Analysts at Jefferies highlighted that the recent surge in bank deposit growth, reaching 13 per cent year-on-year (YoY), the highest in six years, has notably narrowed the gap compared to credit growth. However, with the Reserve Bank of India (RBI) maintaining strict liquidity measures, securing funds for further expansion remains a significant challenge for lenders.
Jefferies' note pointed out a positive shift in the past year, witnessing a remarkable 300 basis points (bps) improvement in deposit growth to 13 per cent YoY. This surge was attributed to improved GDP growth and a shift in financial savings from gold and land investments.
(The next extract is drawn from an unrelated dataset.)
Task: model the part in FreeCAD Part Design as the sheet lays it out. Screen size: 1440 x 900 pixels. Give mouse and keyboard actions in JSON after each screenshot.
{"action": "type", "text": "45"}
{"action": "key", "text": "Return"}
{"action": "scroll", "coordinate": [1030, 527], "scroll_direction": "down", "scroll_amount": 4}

While acknowledging this progress, the brokerage firm highlighted that although the wedge between banks' credit and deposit growth has reduced from over 700 bps to 300 bps, the gap remains negative. This continues to pose a challenge for banks in sourcing funds to facilitate their growth strategies.
Moreover, Jefferies highlighted that recent interactions with banks revealed limited visibility on liquidity easing. Consequently, banks are concentrating on enhancing retail deposit collection at their branches by offering higher rates and factoring in slightly reduced loan growth in their operational plans.
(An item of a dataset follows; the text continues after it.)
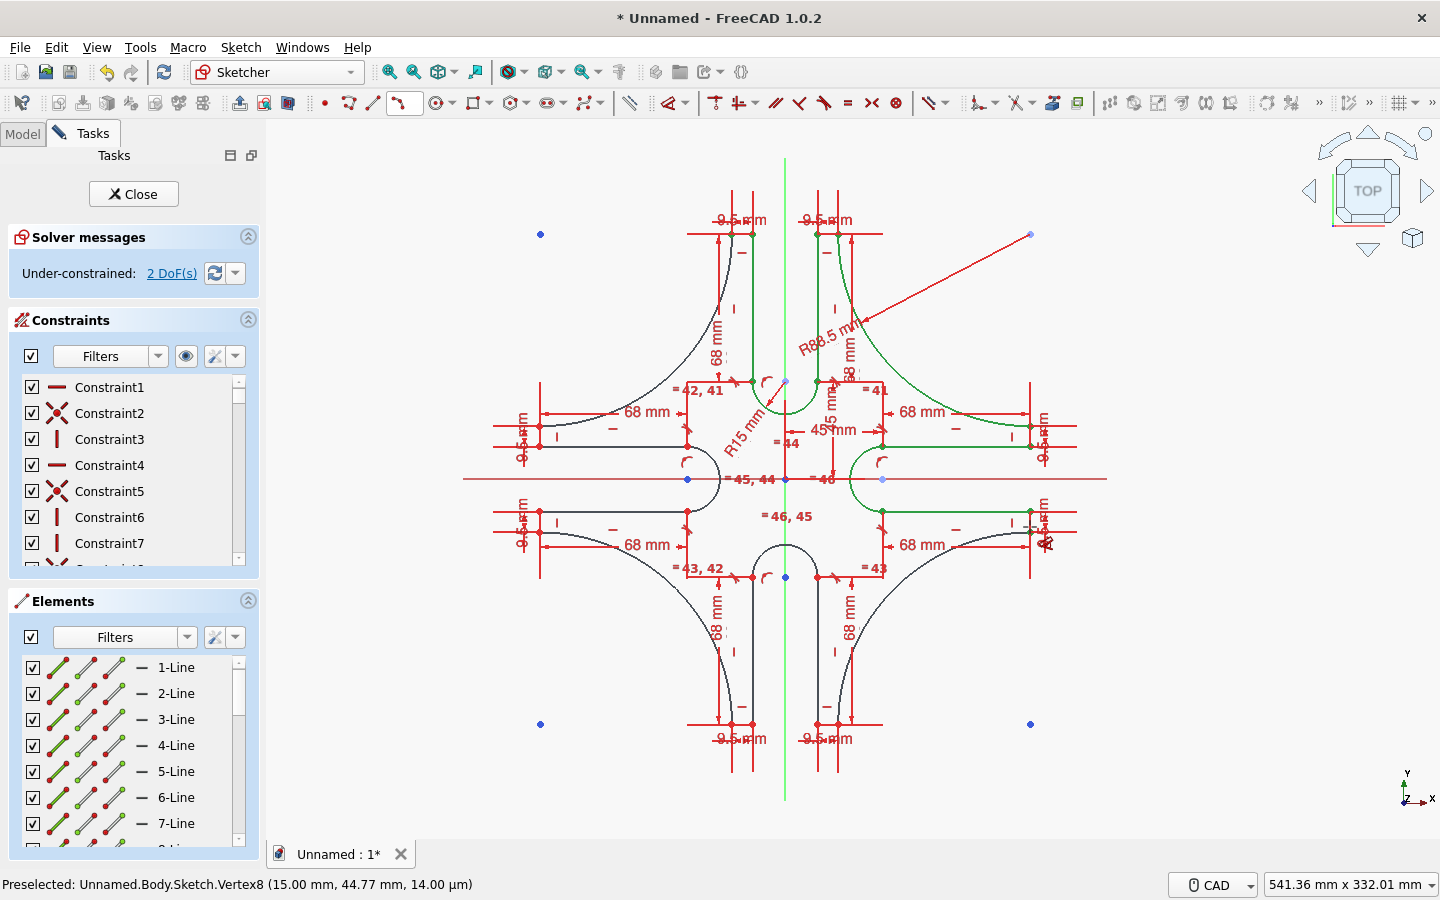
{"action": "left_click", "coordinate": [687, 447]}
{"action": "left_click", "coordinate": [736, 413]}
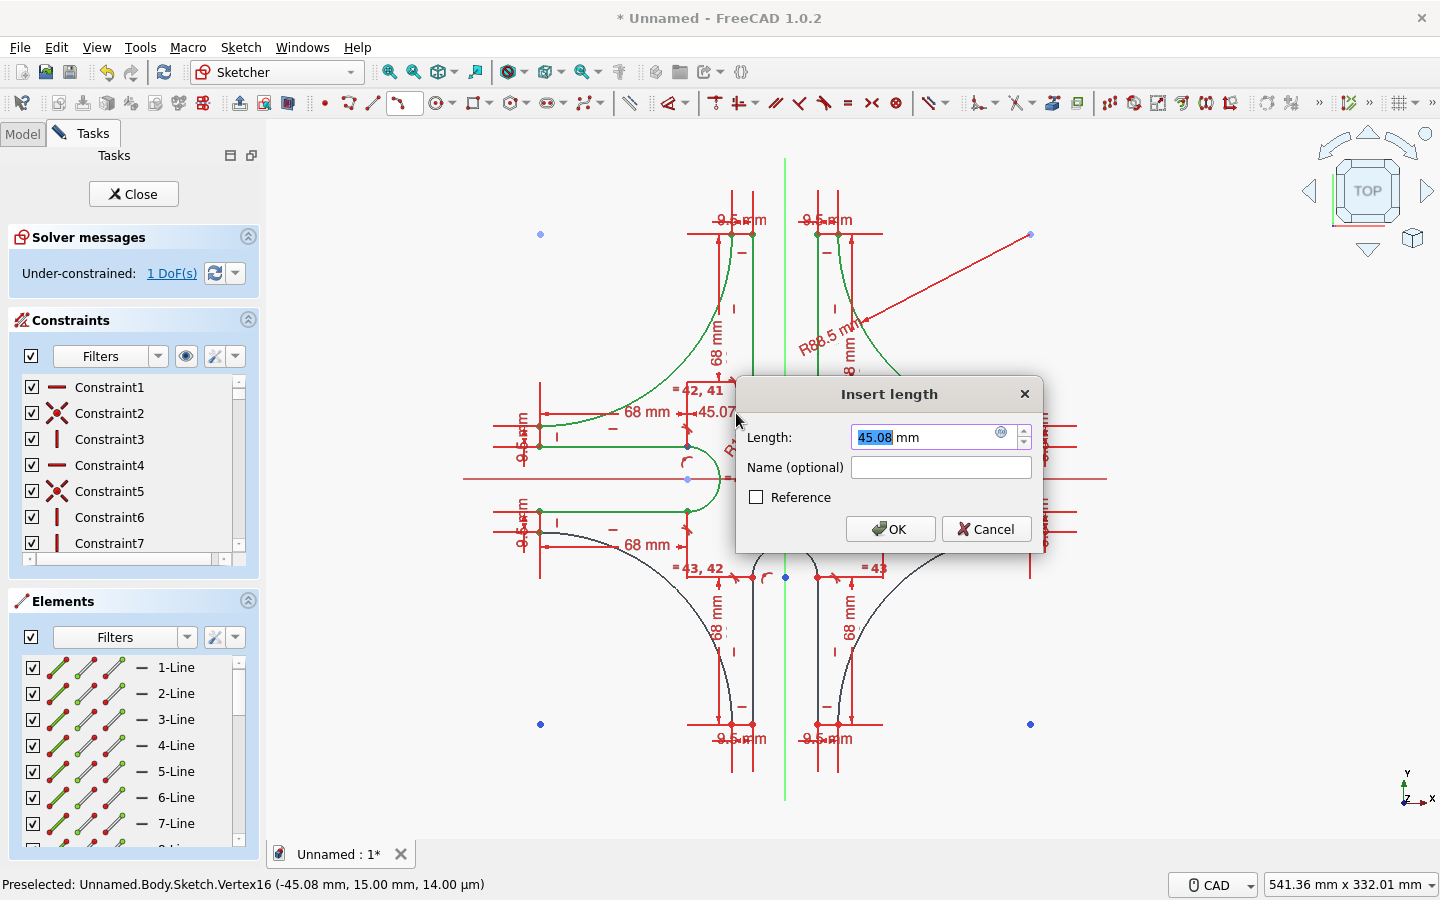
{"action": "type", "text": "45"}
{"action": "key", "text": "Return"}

To alleviate some liquidity constraints, analysts suggested that an inflow of $20 billion in foreign liquidity into Government Securities (G-Secs) could assist in managing liquidity pressures. This would result from a blend of fresh money supply and a reduction in aggressive investment in G-Secs by foreign banks in India, whose investment portfolios have surged by 50 percent YoY.
While various banks are offering differing interest rates, there's a visible disparity between larger and smaller banks in terms of the rates offered. For larger banks, this disparity might lead to a more pronounced decline in the Casa ratio, impacting their source of low-cost funds due to the significant gap between term deposit and savings rates, currently at 350 bps.
Additionally, the rise in the cost of term deposits and the decline in Casa might impact Net Interest Margins (NIMs), posing a potential risk to margins. However, analysts anticipate this impact to be gradual, speculating that banks could offset it by slowing the growth of operating expenses and reducing credit costs.
In the past month, the Bank Nifty index has shown an 8 percent increase, slightly outpacing the 7 percent rise in the benchmark Nifty.